---- Given data

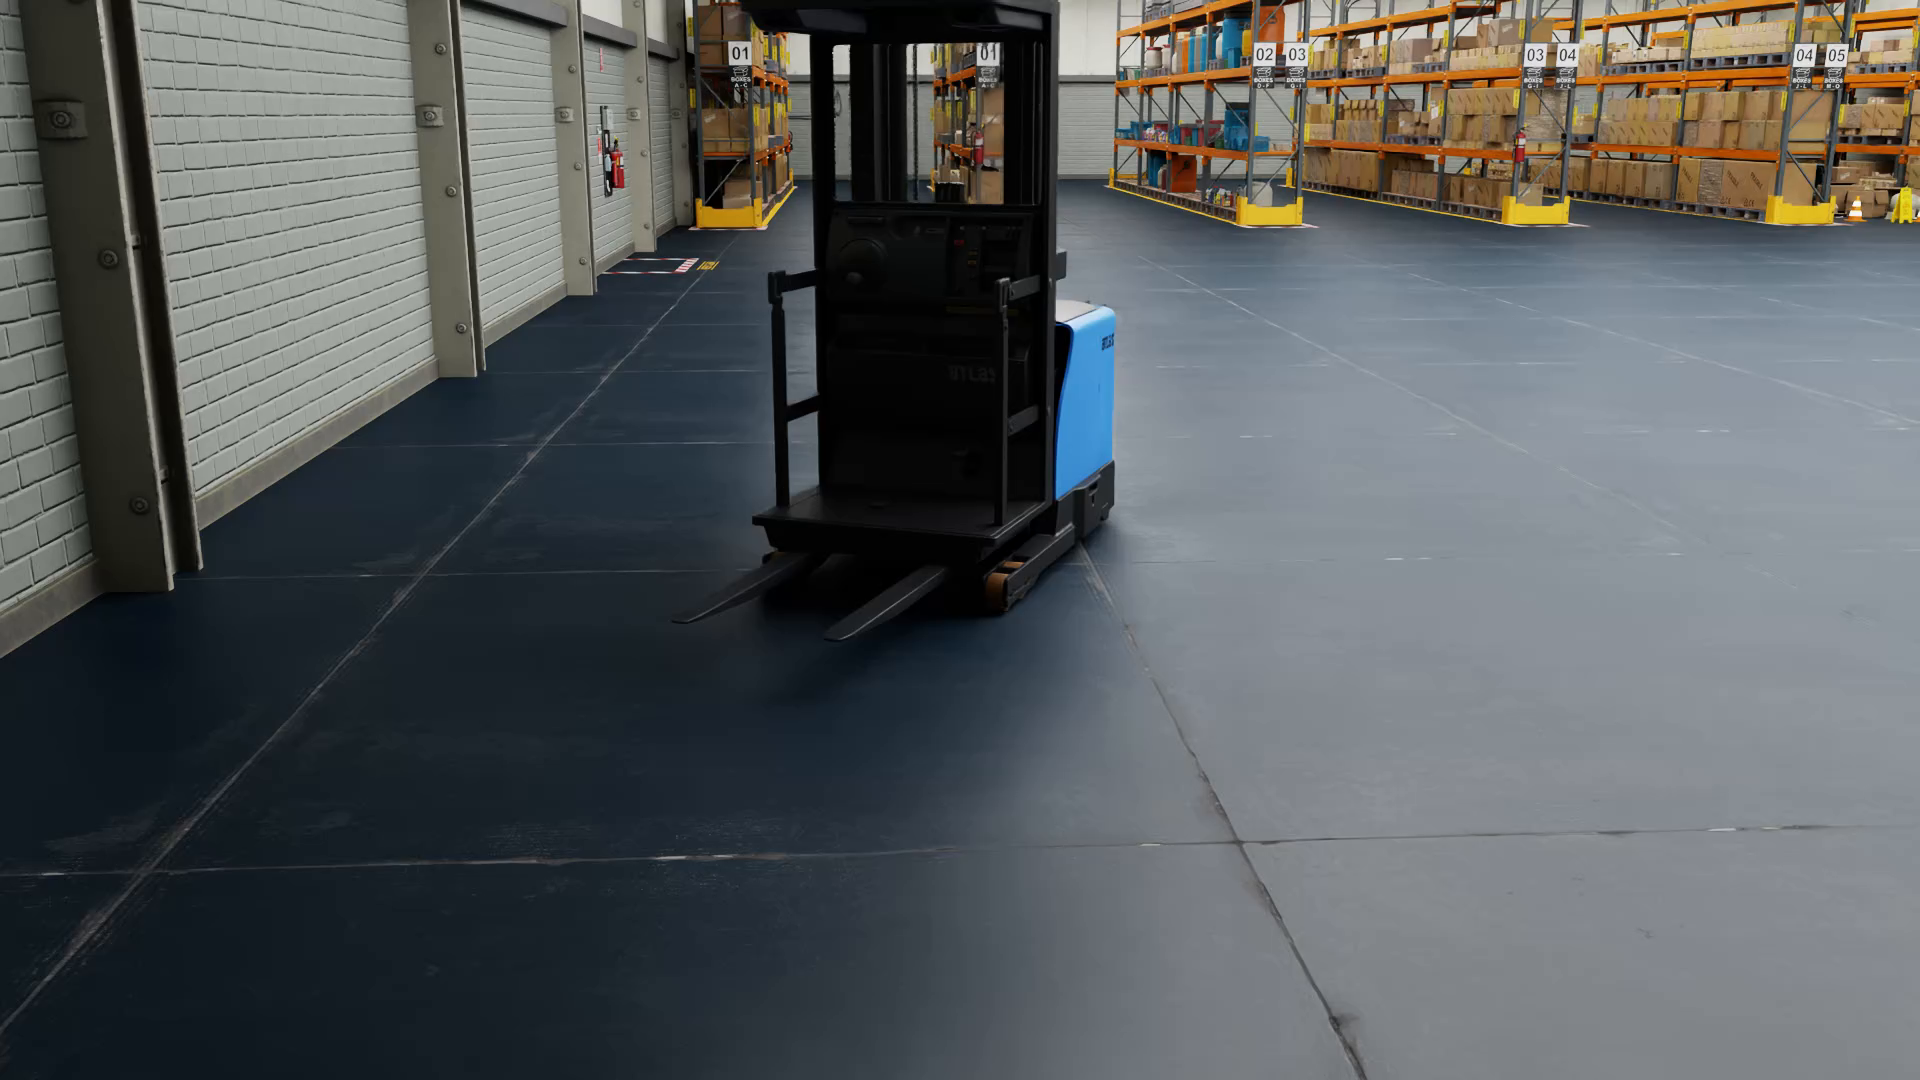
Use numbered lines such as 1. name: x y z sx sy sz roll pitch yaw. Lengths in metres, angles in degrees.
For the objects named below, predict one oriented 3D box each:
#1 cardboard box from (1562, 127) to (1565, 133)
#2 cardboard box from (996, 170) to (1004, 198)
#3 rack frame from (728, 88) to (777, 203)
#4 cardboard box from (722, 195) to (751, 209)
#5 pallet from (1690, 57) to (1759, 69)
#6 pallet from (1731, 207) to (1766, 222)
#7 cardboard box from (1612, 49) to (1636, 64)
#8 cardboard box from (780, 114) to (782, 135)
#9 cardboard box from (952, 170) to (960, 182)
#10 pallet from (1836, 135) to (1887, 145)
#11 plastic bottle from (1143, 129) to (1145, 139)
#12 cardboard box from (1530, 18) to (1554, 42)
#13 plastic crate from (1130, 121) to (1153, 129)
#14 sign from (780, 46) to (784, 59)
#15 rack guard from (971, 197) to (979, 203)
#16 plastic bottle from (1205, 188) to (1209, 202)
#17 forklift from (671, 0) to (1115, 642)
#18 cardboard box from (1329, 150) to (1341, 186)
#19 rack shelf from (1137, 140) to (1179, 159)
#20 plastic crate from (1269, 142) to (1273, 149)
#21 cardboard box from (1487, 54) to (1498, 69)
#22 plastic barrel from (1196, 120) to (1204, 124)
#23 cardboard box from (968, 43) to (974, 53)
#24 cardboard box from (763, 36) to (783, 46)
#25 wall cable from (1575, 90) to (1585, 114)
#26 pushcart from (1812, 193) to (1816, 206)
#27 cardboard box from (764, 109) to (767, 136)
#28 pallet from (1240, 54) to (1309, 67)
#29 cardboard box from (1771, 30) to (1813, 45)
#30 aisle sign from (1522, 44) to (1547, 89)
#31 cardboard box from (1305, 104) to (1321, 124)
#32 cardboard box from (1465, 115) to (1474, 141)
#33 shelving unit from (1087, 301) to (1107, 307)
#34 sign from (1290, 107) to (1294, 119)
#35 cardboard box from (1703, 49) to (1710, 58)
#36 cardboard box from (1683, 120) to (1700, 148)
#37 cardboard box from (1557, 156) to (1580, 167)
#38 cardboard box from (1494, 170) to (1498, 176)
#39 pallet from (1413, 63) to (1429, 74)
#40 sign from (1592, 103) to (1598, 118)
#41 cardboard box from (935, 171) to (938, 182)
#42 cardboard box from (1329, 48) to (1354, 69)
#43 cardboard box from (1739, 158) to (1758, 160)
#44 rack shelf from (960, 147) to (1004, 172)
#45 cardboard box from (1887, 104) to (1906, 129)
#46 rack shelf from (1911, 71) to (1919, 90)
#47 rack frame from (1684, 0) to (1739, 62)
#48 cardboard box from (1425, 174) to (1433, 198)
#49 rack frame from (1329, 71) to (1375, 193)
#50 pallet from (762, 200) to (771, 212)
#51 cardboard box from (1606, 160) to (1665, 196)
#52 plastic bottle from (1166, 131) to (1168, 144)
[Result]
1. cardboard box: 14.587 -9.810 39.794 0.380 0.149 0.250 -2 15 -6
2. cardboard box: 0.944 -6.661 31.065 0.500 0.500 0.500 -1 14 -3
3. rack frame: -4.652 -9.077 37.285 1.000 3.000 0.127 -1 14 -3
4. cardboard box: -4.109 -6.172 30.506 0.500 0.311 0.500 -3 15 -10
5. pallet: 15.424 -9.569 33.356 1.003 0.211 1.213 -1 14 -3
6. pallet: 15.504 -6.215 31.759 1.003 0.211 1.213 -1 14 -3
7. cardboard box: 14.962 -10.836 37.236 0.500 0.311 0.500 -1 14 -3
8. cardboard box: -4.578 -10.036 40.176 0.500 0.500 0.500 -1 14 -3
9. cardboard box: 0.102 -7.905 36.282 0.500 0.311 0.500 -1 14 -5
10. pallet: 20.234 -8.875 36.884 1.003 0.211 1.213 -1 14 -3
11. plastic bottle: 4.585 -10.070 41.380 0.061 0.283 0.133 -1 14 -3
12. cardboard box: 10.853 -9.577 31.409 0.500 0.500 0.500 -1 14 -4
13. plastic crate: 4.948 -11.185 45.288 0.616 0.435 0.499 -1 14 -3
14. sign: -4.359 -11.938 40.716 0.100 0.325 0.005 -1 14 -3
15. rack guard: 0.789 -5.948 30.141 1.175 0.500 0.348 -1 14 -3
16. plastic bottle: 5.066 -7.041 33.964 0.097 0.271 0.097 0 14 0
17. forklift: -0.207 -1.237 6.951 1.130 2.935 3.031 5 15 20
18. cardboard box: 9.991 -9.317 41.638 1.225 0.875 0.875 -1 14 -3
19. rack shelf: 5.112 -9.379 39.902 1.077 0.370 4.000 -1 14 -3
20. plastic crate: 5.837 -7.707 32.491 0.530 0.136 0.437 -1 14 -3
21. cardboard box: 10.335 -9.064 31.518 0.500 0.250 0.500 -1 14 -2
22. plastic barrel: 5.567 -9.185 37.432 0.600 0.536 0.708 -1 14 -3
23. cardboard box: 0.419 -9.266 31.055 0.500 0.311 0.500 1 14 3
24. cardboard box: -4.664 -12.248 41.344 0.500 0.500 0.500 -1 14 -4
25. wall cable: 19.202 -13.358 51.822 0.585 1.953 0.123 -1 14 -3
26. pushcart: 18.046 -7.147 35.046 1.648 0.377 0.936 -6 16 -23
27. cardboard box: -4.029 -8.145 32.421 0.500 0.500 0.500 -1 14 -4
28. pallet: 5.778 -8.809 30.602 1.003 0.211 1.213 -1 14 -3
29. cardboard box: 15.323 -9.261 30.643 0.500 0.250 0.500 -1 14 -3
30. aisle sign: 10.380 -8.556 30.042 0.394 0.787 0.004 -1 14 -3
31. cardboard box: 9.513 -11.354 44.334 0.500 0.500 0.500 -1 14 -5
32. cardboard box: 10.521 -8.143 32.859 0.875 0.500 0.500 -1 14 -3
33. shelving unit: 0.594 -0.701 8.644 0.252 1.050 0.215 -6 16 -23
34. sign: 9.130 -11.746 45.764 0.100 0.325 0.005 -1 14 -3
35. cardboard box: 15.099 -9.724 33.239 0.380 0.149 0.250 -1 14 -4
36. cardboard box: 15.419 -8.344 34.135 0.875 0.550 0.550 -1 14 -3
37. cardboard box: 14.774 -9.132 40.167 0.500 0.250 0.500 -1 14 -2
38. cardboard box: 14.558 -9.855 44.589 0.380 0.149 0.250 0 14 -1
39. pallet: 10.428 -10.086 35.565 1.213 0.211 1.003 -1 14 -3
40. sign: 14.595 -9.869 38.200 0.100 0.325 0.005 -1 14 -3
41. cardboard box: -0.391 -9.637 44.097 0.500 0.250 0.500 -1 14 -3
42. cardboard box: 9.823 -12.248 42.345 0.700 0.500 0.500 -2 15 -7
43. cardboard box: 20.005 -9.251 41.383 0.875 0.875 0.875 0 14 -2
44. rack shelf: 0.664 -7.314 31.876 1.077 0.370 4.000 -1 14 -3
45. cardboard box: 20.061 -8.972 35.236 0.500 0.500 0.500 -1 14 -4
46. rack shelf: 20.442 -9.071 32.687 1.077 0.370 4.000 -1 14 -3
47. rack frame: 15.384 -11.268 33.762 1.000 3.000 0.127 -1 14 -3
48. cardboard box: 10.400 -7.586 35.624 0.700 0.500 0.500 -1 14 -4
49. rack frame: 9.932 -10.301 42.043 1.000 3.000 0.127 -1 14 -3
50. pallet: -4.454 -6.925 34.518 1.003 0.211 1.213 -1 14 -3
51. cardboard box: 15.142 -8.101 37.166 1.050 0.750 0.750 -1 14 -3
52. plastic bottle: 4.785 -9.267 38.259 0.061 0.283 0.133 -1 14 -3

--------

Exercise.
Starting with the line above that holds "#41 cardboard box" and stopping with the line that holds "#52 plastic bottle", reproduce each line exactly, omitting all other lines.

Result.
#41 cardboard box from (935, 171) to (938, 182)
#42 cardboard box from (1329, 48) to (1354, 69)
#43 cardboard box from (1739, 158) to (1758, 160)
#44 rack shelf from (960, 147) to (1004, 172)
#45 cardboard box from (1887, 104) to (1906, 129)
#46 rack shelf from (1911, 71) to (1919, 90)
#47 rack frame from (1684, 0) to (1739, 62)
#48 cardboard box from (1425, 174) to (1433, 198)
#49 rack frame from (1329, 71) to (1375, 193)
#50 pallet from (762, 200) to (771, 212)
#51 cardboard box from (1606, 160) to (1665, 196)
#52 plastic bottle from (1166, 131) to (1168, 144)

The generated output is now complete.